At Bryn Mawr in the 1980s, our social networks were still anchored in place and time. We gathered at the College Inn for snacks and conversation and at Haverford’s Stokes Hall for Saturday night movies. We relied on letters and landline phones to keep in touch with friends and family, rushing to our rooms at 11 p.m., when long-distance rates dropped. “No one had answering machines,” Linda Garey ’84 recalls. “We had small dry-erase boards on the hallway door, so a visitor who missed you could leave a message. That is how we knew, for example, that friends were eating in Erdman at 6 p.m.”

When virtual bulletin board systems emerged in the 1990s, early adopter Eliza Fendell ’95 posted messages from her computer, one of the first in Rhoads South. “I’m not a computer science-oriented person,” she says, “but I grasped the social implications of an online environment pre-World Wide Web.”

With practice, she mastered the protocol: dial into Bryn Mawr’s still-new computing center, telnet into the Iowa Student Computer Association’s BBS, go to dinner while “Za” (her online name) advanced in the queue.
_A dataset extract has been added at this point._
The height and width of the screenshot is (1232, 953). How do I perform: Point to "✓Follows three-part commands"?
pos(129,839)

One night, she x-ed (direct messaged) “WindowWalker”—because “he wrote in complete sentences with correct punctuation!” she jokes—and launched a “pen-paly” exchange with the man she would eventually marry. They didn’t share physical descriptions of themselves until he road-tripped from Texas and they arranged to meet at a bookstore in Bryn Mawr. She: preppy in tweed skirt, knit shirt. He: long-haired, earring, biker jacket, torn jeans. “If we’d met in person first, there’s no way I would have talked to him!” Fendell says. “An online persona lets you access who you are internally.”

In her first years at Bryn Mawr, Mary Wessel Walker ’06 made an art of creating “cool away messages” on AIM, a format that was fading by the time “Thefacebook” rolled out, one college at a time, beginning in 2004. She joined the Bryn Mawr network while studying abroad at the University of Edinburgh, still beyond (the renamed) Facebook’s reach. “That was the last time I made friends I couldn’t connect with on Facebook,” she says. “I’m the same age as Mark Zuckerberg. It was definitely a before-and-after moment.”
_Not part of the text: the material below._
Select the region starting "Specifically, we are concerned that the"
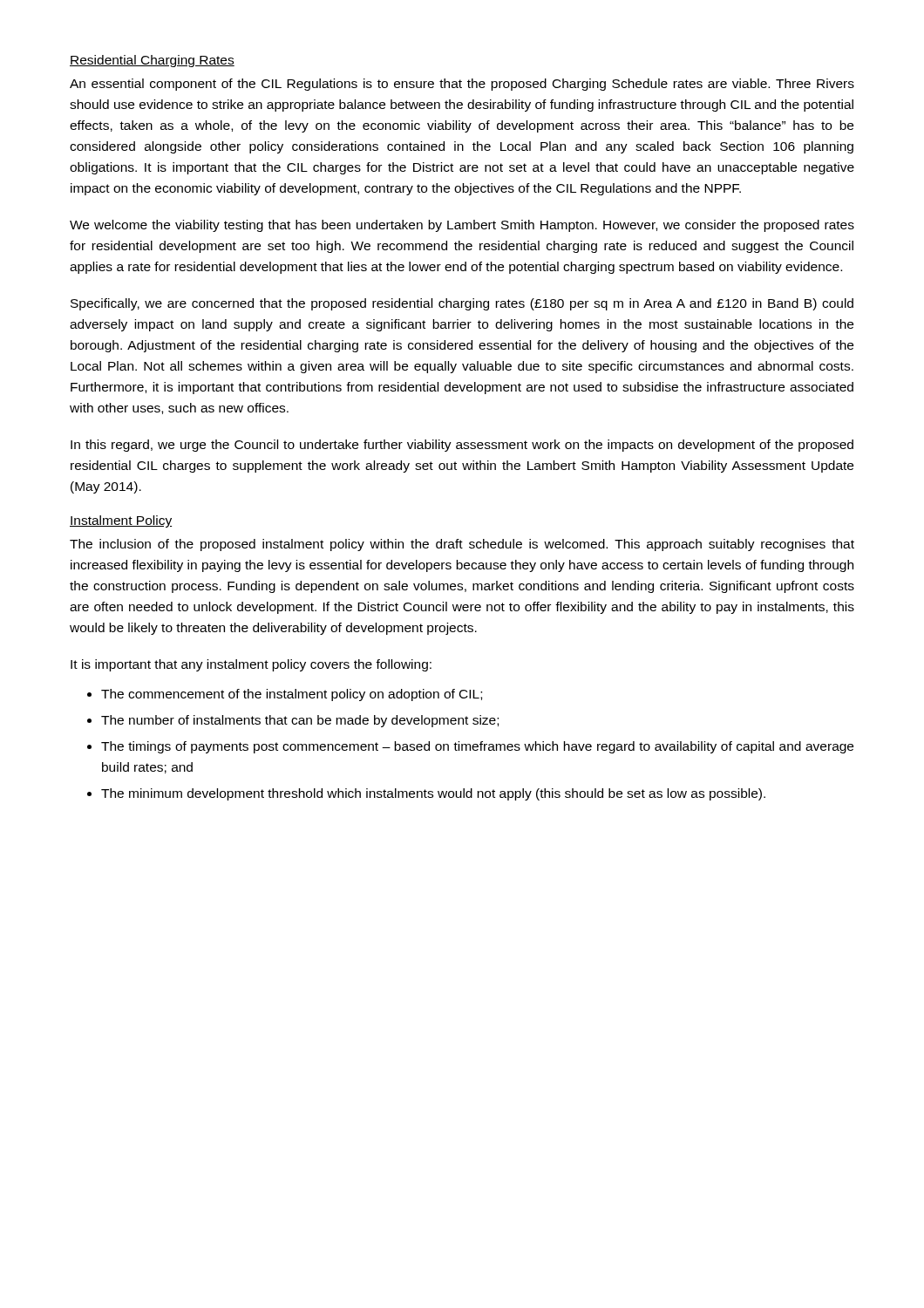Image resolution: width=924 pixels, height=1308 pixels. click(462, 356)

As Wessel Walker recalls, before Facebook added the status update feature, a user’s “wall” was like a dry-erase board: a profile showing the groups you belonged to, visible only to your college network. “I joined one called Erd’s the Werd, for people who worked in Erdman [food service],” she says. “We weren’t just using the group to swap shifts. In the early Internet, people used clever language to connect. If you came up with a funny group name, people would join. Now, there’s so much content on your wall that you can’t see the groups.”

Designed to connect people, Facebook (which opened to anyone with an email address in 2006) and other social media platforms have disconnected our relationships from place and time. “It’s interesting how rapidly our standards of privacy and expectations about being constantly available changed,” says Emily Pinkerton ’07, who graduated in a pivotal year. Among the technological innovations launched in 2007: iPhone, Android, Twitter, and Kindle.

An English major who works in the technology industry, Pinkerton explains her divergent interests in writing code and writing poetry as an “obsessive level of attention to detail” she applies to solving tech problems or to “compressing an entire universe into a small block of 60 words.” She credits Bryn Mawr’s Summer Multimedia Development program with twining her talents into a career.

After stints at Stripe and Twitter, Pinkerton reflects, “I’m more circumspect about technology now. I think a lot more about unintended consequences and how privacy might be compromised.” Though her digital skills are valuable, she says studying the humanities trained her to think critically about the human context for new systems.

Currently working at Turbine Labs while she pursues an M.F.A. in poetry, Pinkerton’s personal code of ethics—“Make sure your work is good work and that it serves communities beyond the one you live in”—is what we all practiced in close proximity at Bryn Mawr.